Le billet de Marc Fayet #3 – La séparation

Voici le temps des adieux. C’est presque religieusement que nous avons salué la Belgique après ce cours séjour. Le cyclisme qui quitte la Belgique c’est comme une crise de foi, car un coureur qui sort de Belgique c’est comme un abbé qui laisse sa paroisse, un sommelier qui quitte sa cave, un peu comme un cuisinier qui abandonne ses fourneaux. Mais ce sacrifice en vaut la peine car dès le kilomètres 77 on a offert Troisvierges au peloton. Je sais que pour certains qui en espèrent mille,  ce n’est pas beaucoup, mais ils ont su s’en contenter ces combattants qui n’attendent pas le paradis à moins que le Paradis ne se trouva sur terre aujourd’hui entre Verviers et Longwy, ce qui se conçoit pour qui espère une longue vie. Les coureurs sont un peu les missionnaires des temps modernes, les croisés du temps présents parcourant les routes d’Allemagne hier, comme celle du Luxembourg  aujourd’hui avant de retrouver le sol Français où ils viennent aujourd’hui célébrer le 3 juillet, date historique et anniversaire qui en 1905 annonçait la séparation de l’église et de l’état. Cette séparation c’est un peu ce que nos coureurs français vivent jour après jour, ils savent séparer l’église et leur état, qu’il soit état de forme ou de fatigue et les tintements des clochers seront là pour leur rappeler qu’ils sont des pauvres pécheurs tout simplement, des pédaleurs tout bêtement.

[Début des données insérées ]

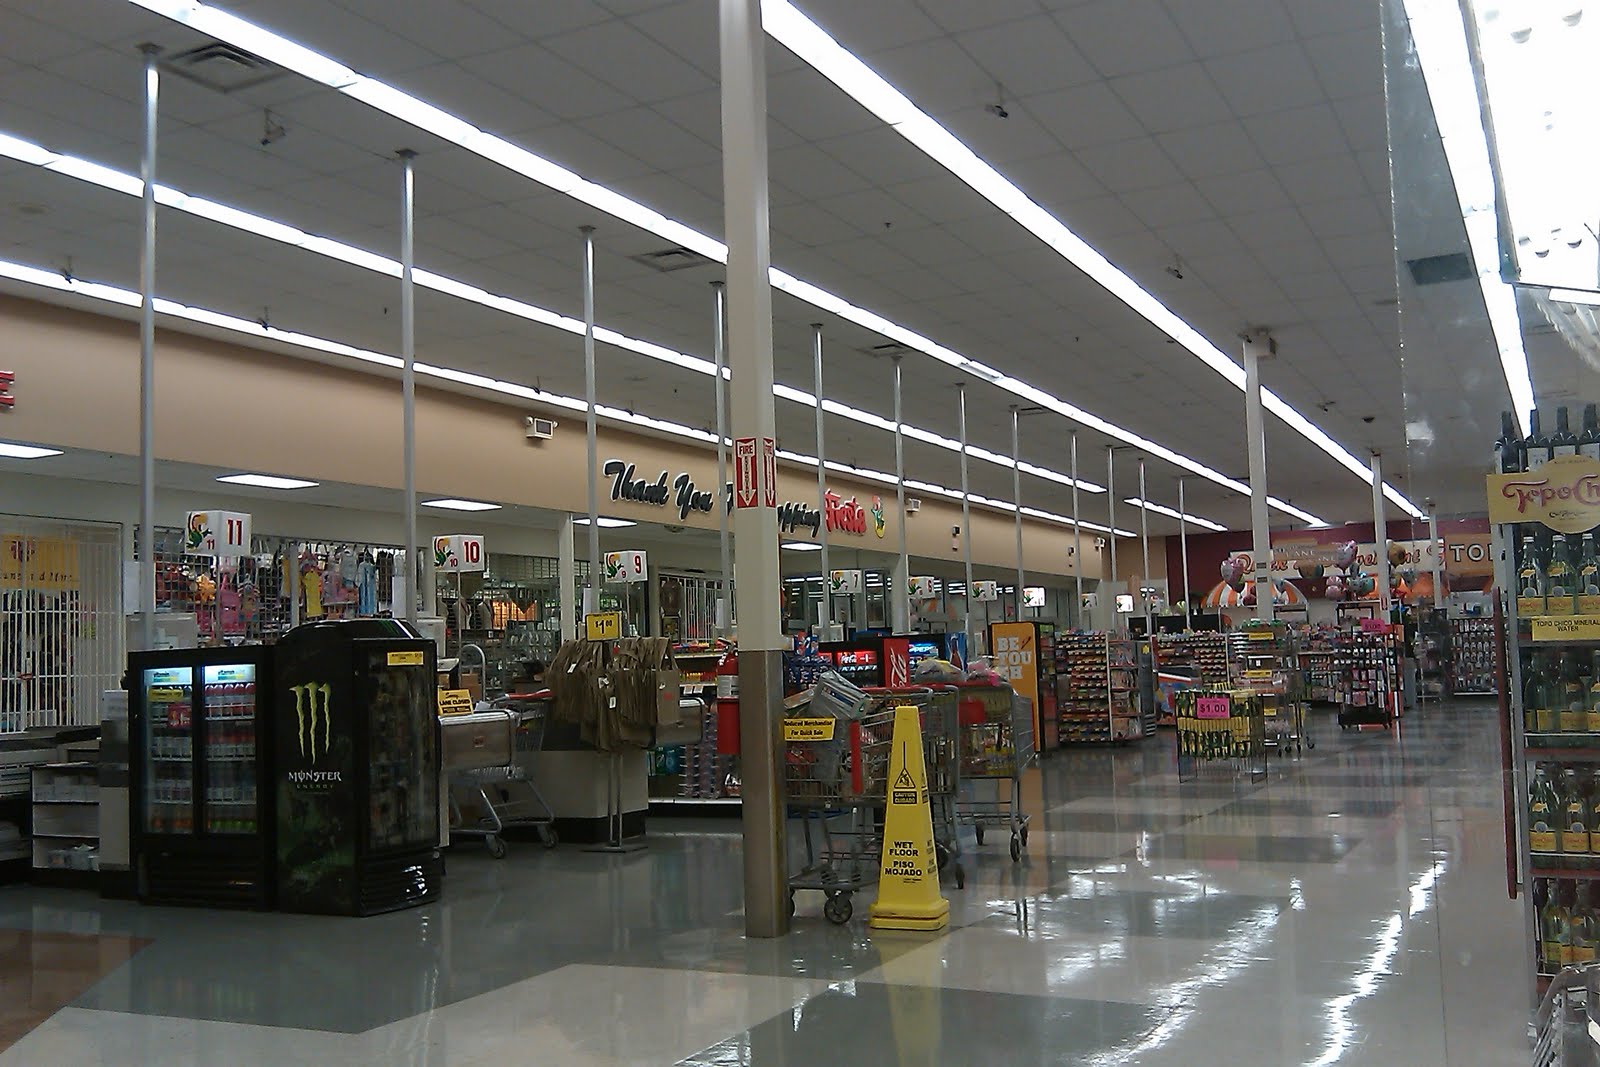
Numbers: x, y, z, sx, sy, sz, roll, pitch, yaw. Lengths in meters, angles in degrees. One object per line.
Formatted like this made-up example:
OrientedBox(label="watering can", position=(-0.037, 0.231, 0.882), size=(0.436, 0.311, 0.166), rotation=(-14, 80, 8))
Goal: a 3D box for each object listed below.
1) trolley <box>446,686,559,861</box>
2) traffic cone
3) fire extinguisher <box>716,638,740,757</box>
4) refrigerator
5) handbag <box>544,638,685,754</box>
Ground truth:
OrientedBox(label="trolley", position=(-2.904, 2.095, 11.174), size=(1.250, 1.395, 0.992), rotation=(-3, -3, 36))
OrientedBox(label="traffic cone", position=(0.688, 1.849, 8.359), size=(0.521, 1.416, 0.360), rotation=(-2, -8, 5))
OrientedBox(label="fire extinguisher", position=(-0.492, 1.148, 8.556), size=(0.197, 0.698, 0.205), rotation=(0, 1, -23))
OrientedBox(label="refrigerator", position=(-3.964, 1.751, 9.741), size=(2.256, 2.102, 0.835), rotation=(-5, -7, 21))
OrientedBox(label="handbag", position=(-1.638, 1.411, 11.212), size=(1.107, 0.961, 0.442), rotation=(-1, -8, -4))

Mais comme un dernier signe destiné à les ramener à de saintes pensées on leur a imposé d’effectuer une petite ascension spirituelle, juste quelques pourcentages pour tenter de s’approcher du ciel par la côte des religieuses celle qui désigna le messie du jour, un messie venu de Slovénie et qui depuis son arrivée se présente comme le sauveur du cyclisme mondial. L’homme providentiel, celui que tout le monde attendait un peu comme l’autre qui déclencha tout le reste.  Je ne sais si ce prophète a une religion autre que celle du vélo mais on peut être athée, agnostique, mystique ou tout simplement acrobatique, il y a toujours un lien avec ce là-haut où le portique  attend les coureurs chaque soir. Et même s’ils sont morts à l’arrivée, voilà qu’un nouveau départ leur sera proposé le lendemain. Oui, le  Tour est un miracle permanent et les couleurs de Fortunéo Oscaro renaîtront encore comme chaque jour.  Romain merci pour la Hardiesse et PLP merci Pour Le Plaisir.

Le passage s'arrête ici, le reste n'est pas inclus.